[Task statement] Among the entries that follow, how many lines contain the string "voltage"? Answer with that number only.

[Raw data]
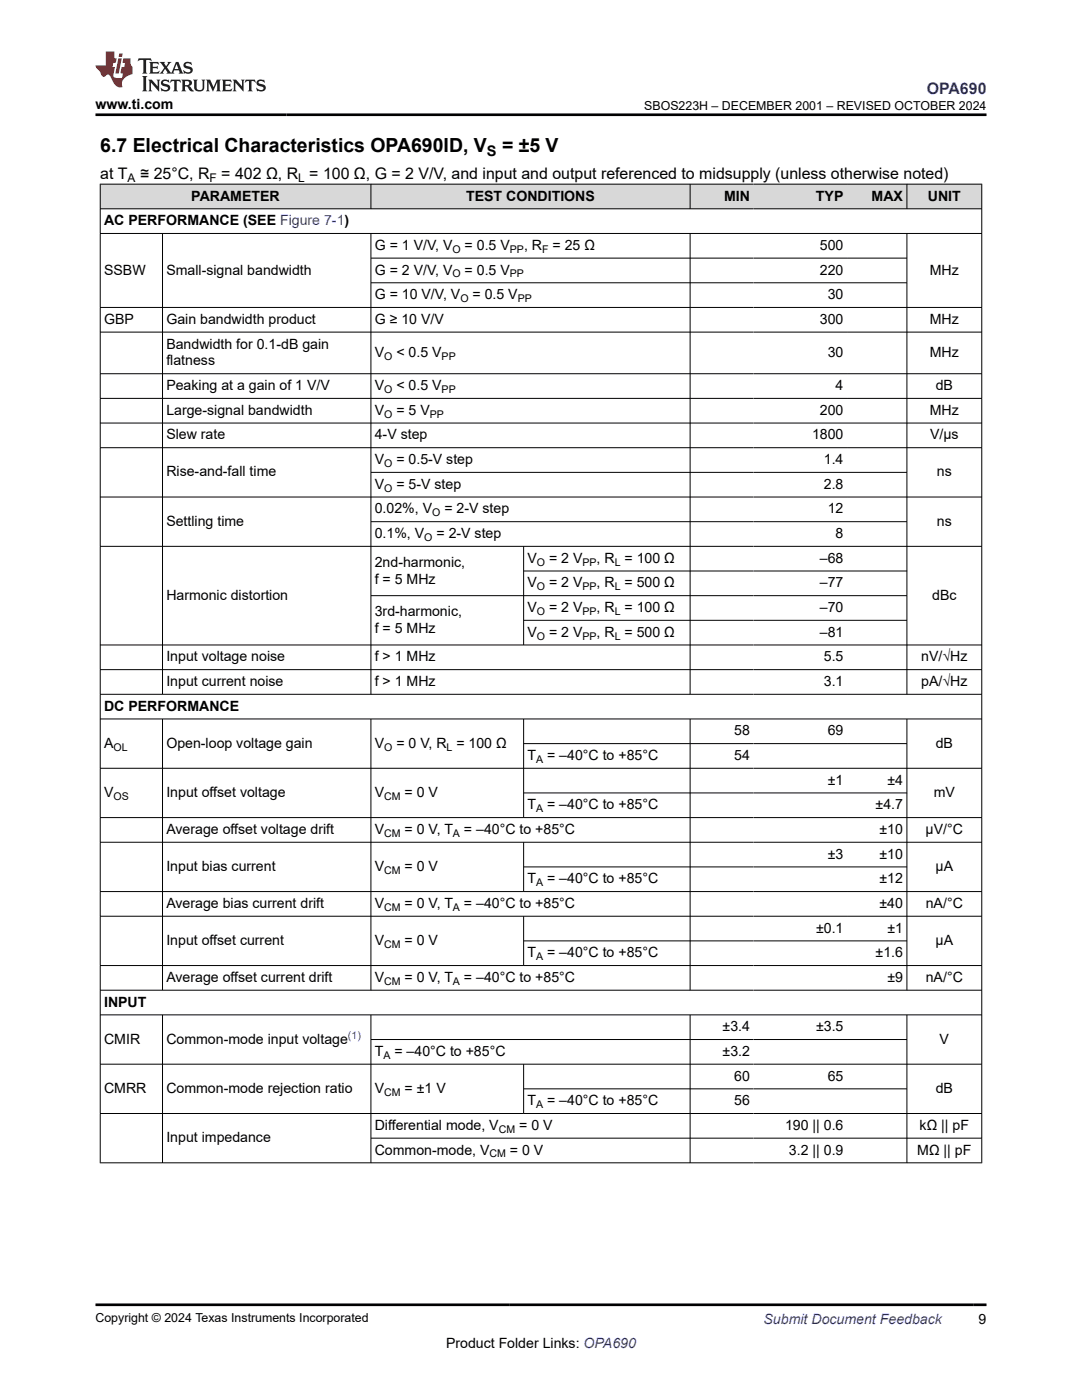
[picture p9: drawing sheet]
<svg xmlns="http://www.w3.org/2000/svg" width="216mm" height="279mm" viewBox="0 0 216 279" stroke-linecap="round" stroke-linejoin="round" font-family="sans-serif">
<defs><g id="words">
<g font-size="3.9">
<text x="20" y="30.3">6.7 Electrical Characteristics OPA690ID, V</text>
<text x="100.2" y="30.3">= ±5 V</text>
</g>
<text font-size="3.2" fill="#00f" x="184.9" y="18.7">OPA690</text>
<g font-size="3.2">
<text x="20" y="35.7">at T</text>
<text x="27.9" y="35.7">≅ 25°C, R</text>
<text x="44.2" y="35.7">= 402 Ω, R = 100 Ω, G = 2 V/V, and input and output referenced to midsupply (unless otherwise noted)</text>
</g>
<text font-size="2.9" x="97.1" y="31">S</text>
<g font-size="2.8">
<text x="19" y="21.8">www.ti.com</text>
<text x="38.2" y="40">PARAMETER</text>
<text x="93" y="40">TEST CONDITIONS</text>
<text x="144.5" y="40">MIN</text>
<text x="162.8" y="40">TYP</text>
<text x="173.9" y="40">MAX</text>
<text x="185.1" y="40">UNIT</text>
<text x="20.8" y="44.9">AC PERFORMANCE (SEE Figure 7-1)</text>
<text x="74.8" y="49.9">G = 1 V/V, V</text>
<text x="92.7" y="49.9">= 0.5 V</text>
<text x="104.6" y="49.9">, R</text>
<text x="110.2" y="49.9">= 25 Ω</text>
<text x="163.6" y="49.9">500</text>
<text x="20.8" y="54.8">SSBW</text>
<text x="33.2" y="54.8">Small-signal bandwidth</text>
<text x="74.8" y="54.8">G = 2 V/V, V</text>
<text x="74.8" y="59.7">G = 10 V/V, V</text>
<text x="92.7" y="54.8">= 0.5 V</text>
<text x="94.3" y="59.7">= 0.5 V</text>
<text x="163.6" y="54.8">220</text>
<text x="165.2" y="59.7">30</text>
<text x="185.5" y="54.8">MHz</text>
<text x="20.8" y="64.6">GBP</text>
<text x="33.2" y="64.6">Gain bandwidth product</text>
<text x="74.8" y="64.6">G ≥ 10 V/V</text>
<text x="163.6" y="64.6">300</text>
<text x="185.5" y="64.6">MHz</text>
<text x="33.2" y="69.6">Bandwidth for 0.1-dB gain</text>
<text x="74.8" y="71.2">V</text>
<text x="79.1" y="71.2">&lt; 0.5 V</text>
<text x="165.2" y="71.2">30</text>
<text x="185.5" y="71.2">MHz</text>
<text x="33.2" y="72.9">flatness</text>
<text x="33.2" y="77.9">Peaking at a gain of 1 V/V</text>
<text x="74.8" y="77.9">V</text>
<text x="79.1" y="77.9">&lt; 0.5 V</text>
<text x="166.7" y="77.9">4</text>
<text x="186.7" y="77.9">dB</text>
<text x="33.2" y="82.8">Large-signal bandwidth</text>
<text x="74.8" y="82.8">V</text>
<text x="79.1" y="82.8">= 5 V</text>
<text x="163.6" y="82.8">200</text>
<text x="185.5" y="82.8">MHz</text>
<text x="33.2" y="87.7">Slew rate</text>
<text x="74.8" y="87.7">4-V step</text>
<text x="162" y="87.7">1800</text>
<text x="185.6" y="87.7">V/µs</text>
<text x="33.2" y="95.1">Rise-and-fall time</text>
<text x="74.8" y="92.6">V</text>
<text x="79.1" y="92.6">= 0.5-V step</text>
<text x="164.4" y="92.6">1.4</text>
<text x="186.9" y="95.1">ns</text>
<text x="74.8" y="97.5">V</text>
<text x="79.1" y="97.5">= 5-V step</text>
<text x="164.4" y="97.5">2.8</text>
<text x="33.2" y="104.9">Settling time</text>
<text x="74.8" y="102.5">0.02%, V</text>
<text x="74.8" y="107.4">0.1%, V</text>
<text x="87.1" y="107.4">= 2-V step</text>
<text x="88.7" y="102.5">= 2-V step</text>
<text x="165.2" y="102.5">12</text>
<text x="166.7" y="107.4">8</text>
<text x="186.9" y="104.9">ns</text>
<text x="74.8" y="113.1">2nd-harmonic,</text>
<text x="105.3" y="112.3">V</text>
<text x="109.6" y="112.3">= 2 V</text>
<text x="119.1" y="112.3">, R = 100 Ω</text>
<text x="163.6" y="112.3">–68</text>
<text x="33.2" y="119.7">Harmonic distortion</text>
<text x="74.8" y="116.5">f = 5 MHz</text>
<text x="105.3" y="117.2">V</text>
<text x="109.6" y="117.2">= 2 V</text>
<text x="119.1" y="117.2">, R = 500 Ω</text>
<text x="163.6" y="117.2">–77</text>
<text x="186" y="119.7">dBc</text>
<text x="74.8" y="122.9">3rd-harmonic,</text>
<text x="105.3" y="122.2">V</text>
<text x="109.6" y="122.2">= 2 V</text>
<text x="119.1" y="122.2">, R = 100 Ω</text>
<text x="163.6" y="122.2">–70</text>
<text x="33.2" y="132">Input voltage noise</text>
<text x="74.8" y="126.3">f = 5 MHz</text>
<text x="74.8" y="132">f &gt; 1 MHz</text>
<text x="105.3" y="127.1">V</text>
<text x="109.6" y="127.1">= 2 V</text>
<text x="119.1" y="127.1">, R = 500 Ω</text>
<text x="163.6" y="127.1">–81</text>
<text x="164.4" y="132">5.5</text>
<text x="183.8" y="132">nV/√Hz</text>
<text x="33.2" y="136.9">Input current noise</text>
<text x="74.8" y="136.9">f &gt; 1 MHz</text>
<text x="164.4" y="136.9">3.1</text>
<text x="183.8" y="136.9">pA/√Hz</text>
<text x="20.8" y="141.8">DC PERFORMANCE</text>
<text x="20.8" y="149.2">A</text>
<text x="33.2" y="149.2">Open-loop voltage gain</text>
<text x="74.8" y="149.2">V</text>
<text x="79.1" y="149.2">= 0 V, R = 100 Ω</text>
<text x="146.5" y="146.8">58</text>
<text x="165.2" y="146.8">69</text>
<text x="186.7" y="149.2">dB</text>
<text x="105.3" y="151.7">T</text>
<text x="109.2" y="151.7">= –40°C to +85°C</text>
<text x="146.5" y="151.7">54</text>
<text x="20.8" y="159.1">V</text>
<text x="33.2" y="159.1">Input offset voltage</text>
<text x="74.8" y="159.1">V</text>
<text x="80.7" y="159.1">= 0 V</text>
<text x="105.3" y="161.5">T</text>
<text x="109.2" y="161.5">= –40°C to +85°C</text>
<text x="165.2" y="156.6">±1</text>
<text x="174.7" y="161.5">±4.7</text>
<text x="177.1" y="156.6">±4</text>
<text x="186.3" y="159.1">mV</text>
<text x="33.2" y="166.4">Average offset voltage drift</text>
<text x="74.8" y="166.4">V</text>
<text x="80.7" y="166.4">= 0 V, T</text>
<text x="92.6" y="166.4">= –40°C to +85°C</text>
<text x="175.5" y="166.4">±10</text>
<text x="184.7" y="166.4">µV/°C</text>
<text x="33.2" y="173.8">Input bias current</text>
<text x="74.8" y="173.8">V</text>
<text x="80.7" y="173.8">= 0 V</text>
<text x="165.2" y="171.4">±3</text>
<text x="175.5" y="171.4">±10</text>
<text x="186.7" y="173.8">µA</text>
<text x="105.3" y="176.3">T</text>
<text x="109.2" y="176.3">= –40°C to +85°C</text>
<text x="175.5" y="176.3">±12</text>
<text x="33.2" y="181.2">Average bias current drift</text>
<text x="74.8" y="181.2">V</text>
<text x="80.7" y="181.2">= 0 V, T</text>
<text x="92.6" y="181.2">= –40°C to +85°C</text>
<text x="175.5" y="181.2">±40</text>
<text x="184.7" y="181.2">nA/°C</text>
<text x="33.2" y="188.6">Input offset current</text>
<text x="74.8" y="188.6">V</text>
<text x="80.7" y="188.6">= 0 V</text>
<text x="105.3" y="191">T</text>
<text x="109.2" y="191">= –40°C to +85°C</text>
<text x="162.8" y="186.1">±0.1</text>
<text x="174.7" y="191">±1.6</text>
<text x="177.1" y="186.1">±1</text>
<text x="186.7" y="188.6">µA</text>
<text x="33.2" y="196">Average offset current drift</text>
<text x="74.8" y="196">V</text>
<text x="80.7" y="196">= 0 V, T</text>
<text x="92.6" y="196">= –40°C to +85°C</text>
<text x="177.1" y="196">±9</text>
<text x="184.7" y="196">nA/°C</text>
<text x="20.8" y="200.9">INPUT</text>
<text x="20.8" y="208.3">CMIR</text>
<text x="33.2" y="208.3">Common-mode input voltage</text>
<text x="144.2" y="205.8">±3.4</text>
<text x="162.8" y="205.8">±3.5</text>
<text x="187.5" y="208.3">V</text>
<text x="74.8" y="210.7">T</text>
<text x="78.7" y="210.7">= –40°C to +85°C</text>
<text x="144.2" y="210.7">±3.2</text>
<text x="146.5" y="215.7">60</text>
<text x="165.2" y="215.7">65</text>
<text x="20.8" y="218.1">CMRR</text>
<text x="33.2" y="218.1">Common-mode rejection ratio</text>
<text x="74.8" y="218.1">V</text>
<text x="80.7" y="218.1">= ±1 V</text>
<text x="105.3" y="220.6">T</text>
<text x="109.2" y="220.6">= –40°C to +85°C</text>
<text x="146.5" y="220.6">56</text>
<text x="186.7" y="218.1">dB</text>
<text x="33.2" y="228">Input impedance</text>
<text x="74.8" y="225.5">Differential mode, V</text>
<text x="103.6" y="225.5">= 0 V</text>
<text x="156.6" y="225.5">190 || 0.6</text>
<text x="183.5" y="225.5">kΩ || pF</text>
<text x="74.8" y="230.4">Common-mode, V</text>
<text x="101.8" y="230.4">= 0 V</text>
<text x="157.4" y="230.4">3.2 || 0.9</text>
<text x="183" y="230.4">MΩ || pF</text>
<text x="89" y="269">Product Folder Links: OPA690</text>
<text x="195.3" y="264.2">9</text>
</g>
<text font-size="2.8" fill="#00f" x="152.4" y="264.2">Submit Document Feedback</text>
<g font-size="2.5">
<text x="128.5" y="21.9">SBOS223H – DECEMBER 2001 – REVISED OCTOBER 2024</text>
<text x="19" y="263.9">Copyright © 2024 Texas Instruments Incorporated</text>
</g>
<g font-size="2.4">
<text x="25.5" y="36.3">A</text>
<text x="41.8" y="36.3">F</text>
<text x="59.5" y="36.3">L</text>
</g>
<g font-size="2.1">
<text x="90.3" y="50.4">O</text>
<text x="101.7" y="50.4">PP</text>
<text x="108.2" y="50.4">F</text>
<text x="90.3" y="55.4">O</text>
<text x="101.7" y="55.4">PP</text>
<text x="91.9" y="60.3">O</text>
<text x="103.3" y="60.3">PP</text>
<text x="76.7" y="71.8">O</text>
<text x="88.1" y="71.8">PP</text>
<text x="76.7" y="78.4">O</text>
<text x="76.7" y="83.3">O</text>
<text x="85.8" y="83.3">PP</text>
<text x="88.1" y="78.4">PP</text>
<text x="76.7" y="93.2">O</text>
<text x="76.7" y="98.1">O</text>
<text x="84.7" y="108">O</text>
<text x="86.2" y="103">O</text>
<text x="107.1" y="112.9">O</text>
<text x="116.2" y="112.9">PP</text>
<text x="122.7" y="112.9">L</text>
<text x="107.1" y="117.8">O</text>
<text x="116.2" y="117.8">PP</text>
<text x="122.7" y="117.8">L</text>
<text x="107.1" y="122.7">O</text>
<text x="116.2" y="122.7">PP</text>
<text x="122.7" y="122.7">L</text>
<text x="107.1" y="127.6">O</text>
<text x="116.2" y="127.6">PP</text>
<text x="122.7" y="127.6">L</text>
<text x="22.6" y="149.8">OL</text>
<text x="76.7" y="149.8">O</text>
<text x="89.1" y="149.8">L</text>
<text x="107" y="152.2">A</text>
<text x="22.6" y="159.6">OS</text>
<text x="76.7" y="159.6">CM</text>
<text x="76.7" y="167">CM</text>
<text x="90.4" y="167">A</text>
<text x="107" y="162.1">A</text>
<text x="76.7" y="174.4">CM</text>
<text x="107" y="176.8">A</text>
<text x="76.7" y="181.8">CM</text>
<text x="90.4" y="181.8">A</text>
<text x="76.7" y="189.2">CM</text>
<text x="107" y="191.6">A</text>
<text x="76.7" y="196.5">CM</text>
<text x="90.4" y="196.5">A</text>
<text x="76.5" y="211.3">A</text>
<text x="76.7" y="218.7">CM</text>
<text x="107" y="221.1">A</text>
<text x="99.5" y="226.1">CM</text>
<text x="97.7" y="231">CM</text>
</g>
<text font-size="2.1" fill="#00f" x="69.4" y="207.3">(1)</text>
</g></defs>
<g fill="#d8d8d8">
<path d="M20 36.8h175.9v4.9h-175.9z" fill-rule="evenodd"/>
<path d="M20.1 36.8h53.9v4.8h-53.9z" fill-rule="evenodd"/>
<path d="M74.1 36.8h63.5v4.8h-63.5z" fill-rule="evenodd"/>
<path d="M137.8 36.8h12.6v4.8h-12.6z" fill-rule="evenodd"/>
<path d="M150.4 36.8h18.6v4.8h-18.6z" fill-rule="evenodd"/>
<path d="M169 36.8h11.9v4.8h-11.9z" fill-rule="evenodd"/>
<path d="M181 36.8h14.8v4.8h-14.8z" fill-rule="evenodd"/>
</g>
<g fill="none" stroke="#000" stroke-width=".2">
<path d="M19.9 36.8h176.1M20 36.7v195.4M74 36.7v5M137.7 36.7v5M181 36.7v5M195.9 36.7v195.4M19.9 41.7h176.1M19.9 46.6h176.1M32.4 46.6v92M74 46.6v92M74 51.5h107M74 56.4h107"/>
<path d="M137.7 46.6v92M181 46.6v92M19.9 61.4h176.1M19.9 66.3h176.1M19.9 74.6h176.1M19.9 79.5h176.1M19.9 84.4h176.1M19.9 89.3h176.1M19.9 99.2h176.1M74 94.3h107M19.9 109h176.1M74 104.1h107"/>
<path d="M104.5 109v19.8M104.5 114h76.5M181 118.9h-107M19.9 128.7h176.1M19.9 133.6h176.1M19.9 138.6h176.1M104.5 123.8h76.5M19.9 143.5h176.1M19.9 153.3h176.1M32.4 143.5v54.2M74 143.5v54.2M104.5 143.5v19.7"/>
<path d="M104.5 148.4h76.5M104.5 158.2h76.5M137.7 143.5v54.2M181 143.5v54.2M19.9 163.2h176.1M19.9 168.1h176.1M19.9 177.9h176.1M104.5 168.1v9.9M104.5 173h76.5M19.9 182.9h176.1M19.9 192.7h176.1M19.9 197.6h176.1"/>
<path d="M104.5 182.9v9.9M104.5 187.8h76.5M19.9 202.5h176.1M19.9 212.4h176.1M32.4 202.5v29.6M74 202.5v29.6M74 207.5h107M104.5 212.4v9.9M104.5 217.3h76.5M137.7 202.5v29.6M181 202.5v29.6M19.9 222.2h176.1"/>
<path d="M19.9 232.1h176.1M74 227.1h122"/>
</g>
<path d="M27.7 11.6l-.2 .6 .5-.2h.6v.1v2.2l-.2 .4h1l-.2-.4v-2.2v-.1h.5l.5 .2-.1-.6zM29.8 12.4l.2 .3v1.6l-.2 .4h1.9l.1-.6a1.08 1.08 0 0 1-1.3 .2v-.7h.6l.4 .2v-.7l-.4 .2h-.6v-.5l.2-.2a1 1 0 0 1 1 .3l-.1-.5zM31.8 12.4l1 1.1-1 1.2h.9l-.2-.2 .4-.8 .5 .8-.2 .2h1.6l-.2-.2 .1-.5h1l.1 .5-.1 .2h.9l-.2-.4-.8-1.9h-.5l-1 2.1-.8-1.1 .9-1h-.8l.2 .2-.5 .6-.3-.6 .1-.2zM35.2 12.8l.4 1h-.8zM36.8 12.5a.65 .65 0 0 0-.2 .7 .65 .65 0 0 0 .6 .5l.7 .1 .1 .3a.79 .79 0 0 1-.7 .4 .79 .79 0 0 1-.7-.5l.1 .7 .2-.1a.93 .93 0 0 0 1.1 0 .93 .93 0 0 0 .4-.9 1.46 1.46 0 0 0-1.2-.6l-.1-.3a1.09 1.09 0 0 1 1.2 .2l-.2-.6-.1 .1-.6-.2zM28.4 15.2l.2 .4v2.2l-.2 .4h1l-.2-.4v-2.2l.2-.4zM29.6 15.9l.2 .4v1.5l-.2 .4h.8l-.3-.4v-1.3l1.7 1.8v-2l.2-.4h-.8l.2 .2 .1 1.1-1.2-1.3zM32.3 16a.65 .65 0 0 0-.2 .8 .65 .65 0 0 0 .7 .4l.6 .2 .1 .2a.79 .79 0 0 1-.7 .4 .79 .79 0 0 1-.7-.5l.1 .7 .2-.1a.93 .93 0 0 0 1.1 .1 .93 .93 0 0 0 .4-1 1.46 1.46 0 0 0-1.2-.5l-.1-.4a1.09 1.09 0 0 1 1.2 .2l-.2-.6-.1 .1-.6-.1zM34.1 15.9l-.1 .6a.63 .63 0 0 1 .7-.3l.1 1.6-.3 .4h1l-.2-.4v-1.6a.66 .66 0 0 1 .8 .3l-.1-.6zM36.2 15.9l.2 .4v1.5l-.2 .4h.9l-.2-.2v-.7h.5l.1 .2a.79 .79 0 0 0 1.2 .6l-1-.9a.61 .61 0 0 0 .6-.6 .61 .61 0 0 0-.5-.7zM36.9 16.2h.2a.47 .47 0 0 1 .5 .1 .47 .47 0 0 1 .1 .5l-.2 .1-.6 .1zM38.5 15.9l.2 .2a2.27 2.27 0 0 0 .4 2 1.04 1.04 0 0 0 1.7-.7v-1.3l.2-.2h-.8l.2 .4v1.1a.6 .6 0 0 1-.6 .6 .6 .6 0 0 1-.6-.6v-1.1l.3-.4zM41.1 15.9l.2 .4v1.5l-.2 .4h.7l-.2-.4v-1.4l.9 1.9 .8-1.9v1.4l-.2 .4h1l-.3-.4v-1.5l.3-.4h-.8l-.7 1.5-.7-1.5zM44.3 15.9l.2 .4v1.5l-.2 .4h1.9l.1-.6a1.09 1.09 0 0 1-1.3 .2v-.7h.6l.4 .2v-.6l-.4 .2h-.6v-.6l.2-.1a1.01 1.01 0 0 1 1 .3l-.1-.6zM46.4 15.9l.3 .4v1.5l-.3 .4h.8l-.2-.4v-1.3l1.6 1.8v-2l.2-.4h-.7l.2 .2v1.1l-1.2-1.3zM49 15.9l-.1 .6a.63 .63 0 0 1 .8-.3v1.6l-.3 .4h1l-.2-.4v-1.6a.66 .66 0 0 1 .8 .3l-.1-.6zM51.4 16a.65 .65 0 0 0-.2 .8 .65 .65 0 0 0 .6 .4l.6 .2 .2 .2a.79 .79 0 0 1-.8 .4 .79 .79 0 0 1-.6-.5l.1 .7 .2-.1a.93 .93 0 0 0 1 .1 .93 .93 0 0 0 .5-1 1.46 1.46 0 0 0-1.3-.5l-.1-.4a1.09 1.09 0 0 1 1.3 .2l-.2-.6-.2 .1-.5-.1z" fill="#231f20"/>
<path d="M21.1 10.3v2.7h-2.1l.1 .4 .9 1a.95 .95 0 0 0 .9 .9 .59 .59 0 0 1 .6-.4 .59 .59 0 0 1 .5 .3l.4 .8a1.59 1.59 0 0 0 2.1 1.4 1.61 1.61 0 0 1 1-2.3l1-.3-.1-1.5a1.59 1.59 0 0 1-.4-1.7h-1.4l-.2 .9h.5l-.1 .9h-.5l-.2 .9v.3l.4 .1-.2 .9h-.6a.73 .73 0 0 1-1.1-.7l.3-1.5h-.5l.2-.9h.5l.2-.9h-.5v-1.3zM23.6 11.6l-.6 3.1h.7l.6-3.1zM23.8 10.7l-.1 .6h.7l.1-.6z" fill="#ed1c24"/>
<path d="M19 22.9h177.8M19 260.4h177.8" fill="none" stroke="#000" stroke-width=".53"/>
<use href="#words"/>
</svg>

[Solution to the exercise] 5